Positive: - Each tier exploits its engine's native capabilities — Fabric uses from_json + explode + window with no Python bridge; LocalLite uses Polars expressions directly. Neither pays a portability tax. - Each tier's notebooks / orchestrator only need that tier's modules. The Fabric Environment doesn't have core.* on its path; the LocalLite CLI doesn't have fabric.* installed. A stray cross-tier import fails loudly. - A platform-specific simplification stays inside that platform's code — e.g., the Fabric Silver imaging_study is FHIR-only (pydicom enrichment is a local-tier responsibility) without affecting LocalLite. - The user's stated portfolio model ("show I can build each platform native, not lowest-common-denominator") is the architecture.

Negative: - Same transform logic is implemented twice (Polars expressions on local, Spark expressions on Fabric). Every behavior change has to be made twice. - Validation rules are duplicated. Drift between the two registries is possible and would only surface on a side-by-side audit. - Schema parity is enforced by convention, not by a single source of truth. If silver.observation adds a column on one platform, the other has to follow or the Gold schema diverges silently.

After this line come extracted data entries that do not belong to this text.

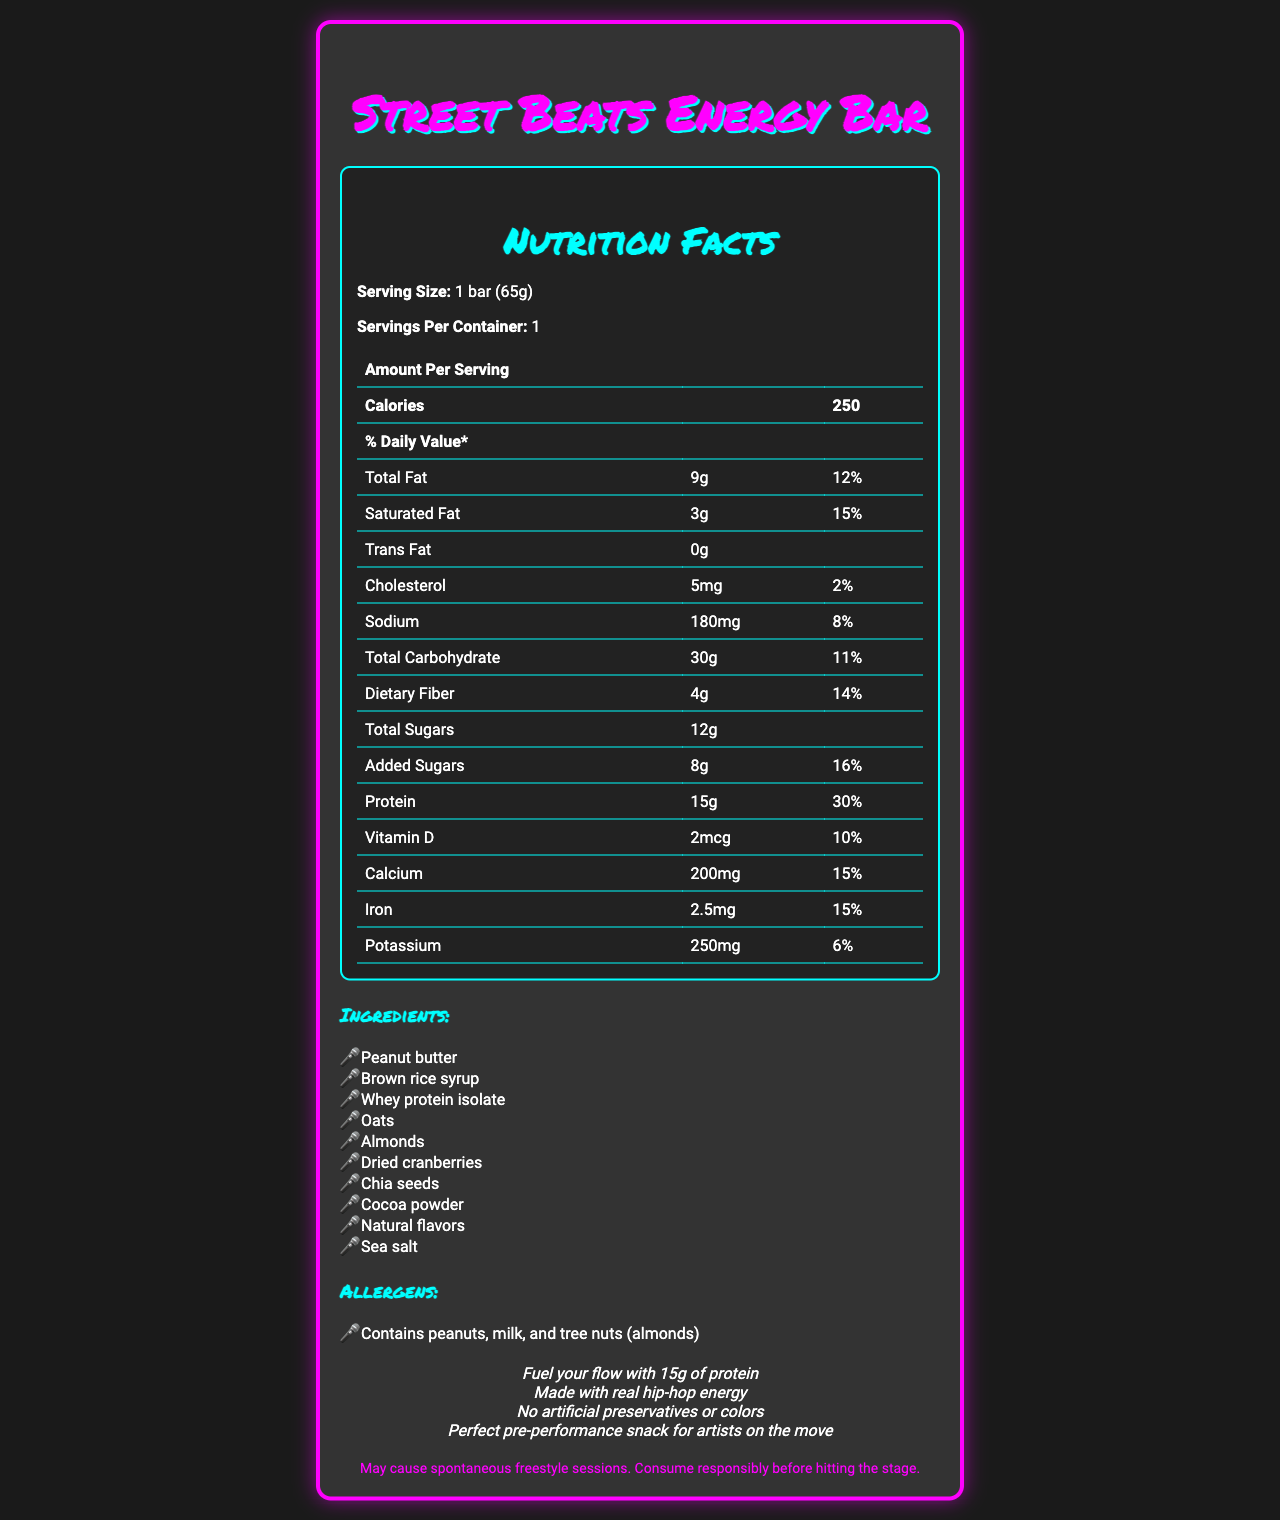what is the serving size of the Street Beats Energy Bar? The serving size is clearly listed as "1 bar (65g)" in the document.
Answer: 1 bar (65g) how many servings per container are there? The document indicates that there is 1 serving per container.
Answer: 1 how many grams of protein are in one serving? The nutrition facts list the amount of protein as "15g" per serving.
Answer: 15g name two key ingredients in the Street Beats Energy Bar. The ingredients include "Peanut butter" and "Brown rice syrup" among others.
Answer: Peanut butter, Brown rice syrup what is the daily value percentage of calcium in one serving? The calcium content is listed as 200mg, which corresponds to 15% of the daily value.
Answer: 15% how many calories are in one serving of the Street Beats Energy Bar? The document shows that one serving contains 250 calories.
Answer: 250 what is the flavor name of this energy bar? The rapper-inspired flavor name is "Lyrical Lemon Zest Crunch".
Answer: Lyrical Lemon Zest Crunch how much added sugars does the Street Beats Energy Bar contain? The nutrition facts state that the bar contains 8g of added sugars.
Answer: 8g which of the following is NOT an ingredient in the Street Beats Energy Bar? A. Chia seeds B. Almonds C. Soy protein The listed ingredients include Chia seeds and Almonds, but Soy protein is not mentioned.
Answer: C what is the amount of sodium in one serving? A. 180mg B. 200mg C. 250mg D. 300mg The sodium content per serving is 180mg.
Answer: A is the product labeled with a marketing claim about artificial preservatives or colors? One of the marketing claims states "No artificial preservatives or colors."
Answer: Yes does this product contain any tree nuts? The allergens section mentions that the product contains tree nuts (almonds).
Answer: Yes summarize the main features of the Street Beats Energy Bar. The summary encapsulates the product's purpose, design, nutritional content, ingredients, and key marketing points, giving a comprehensive overview of the Street Beats Energy Bar.
Answer: The Street Beats Energy Bar is designed for pre-performance fueling, featuring bold graffiti-style graphics. It has a rapper-inspired flavor named "Lyrical Lemon Zest Crunch" and provides 250 calories, 15g of protein, and 30g of carbohydrates per serving. The bar contains ingredients like peanut butter, brown rice syrup, and whey protein isolate. It is free from artificial preservatives and colors and contains allergens like peanuts, milk, and tree nuts. Marketing claims highlight its suitability as a pre-performance snack for artists on the move. what are the potential allergens listed for this product? The document indicates that the product contains peanuts, milk, and tree nuts (almonds).
Answer: Peanuts, milk, and tree nuts (almonds) what is the purpose of the disclaimer at the end of the document? The document provides a disclaimer that is music-related, but it does not specify the exact purpose or the reason behind the disclaimer.
Answer: Cannot be determined how much dietary fiber is in one serving? The nutrition facts list the dietary fiber content as 4g per serving.
Answer: 4g

Mitigations: - Both tiers' Silver/Gold schemas are exported as code constants (SCHEMA = StructType(...) / pa.schema(...)). A future cross-tier schema-parity test can diff the two and fail CI on divergence. - CONTRACT_VERSION is reviewed on every Gold change as the explicit in-code reminder that both tiers must move together.

Supersedes

  • ADR-002 — the LakehousePlatform ABC is no longer the universal contract; it now governs only the local execution surfaces (LocalLite, future LocalSpark).
  • ADR-004pa.Table is no longer the cross-platform interchange type. It remains the interchange type within core/ (LocalLite's transforms still return pa.Table). Fabric uses Spark DataFrames end-to-end.
  • ADR-020 — the applyInPandas bridge is removed. Spark-native from_json against the BUNDLE_SCHEMA is the parser on Fabric.
  • ADR-017 (Multi-platform repo layout) — already aligned with this model; amended to call out the dependency direction explicitly.
  • ADR-018 (CI/CD monorepo) — wheel still ships core/ + fabric/; the Fabric Environment installs the wheel and imports only fabric.*.
  • ADR-019 (Silver MERGE idempotency) — the target-dedup guard is implemented twice (LocalLite's _write_delta, Fabric's _write_delta_spark). Same behavior; each tier owns its impl.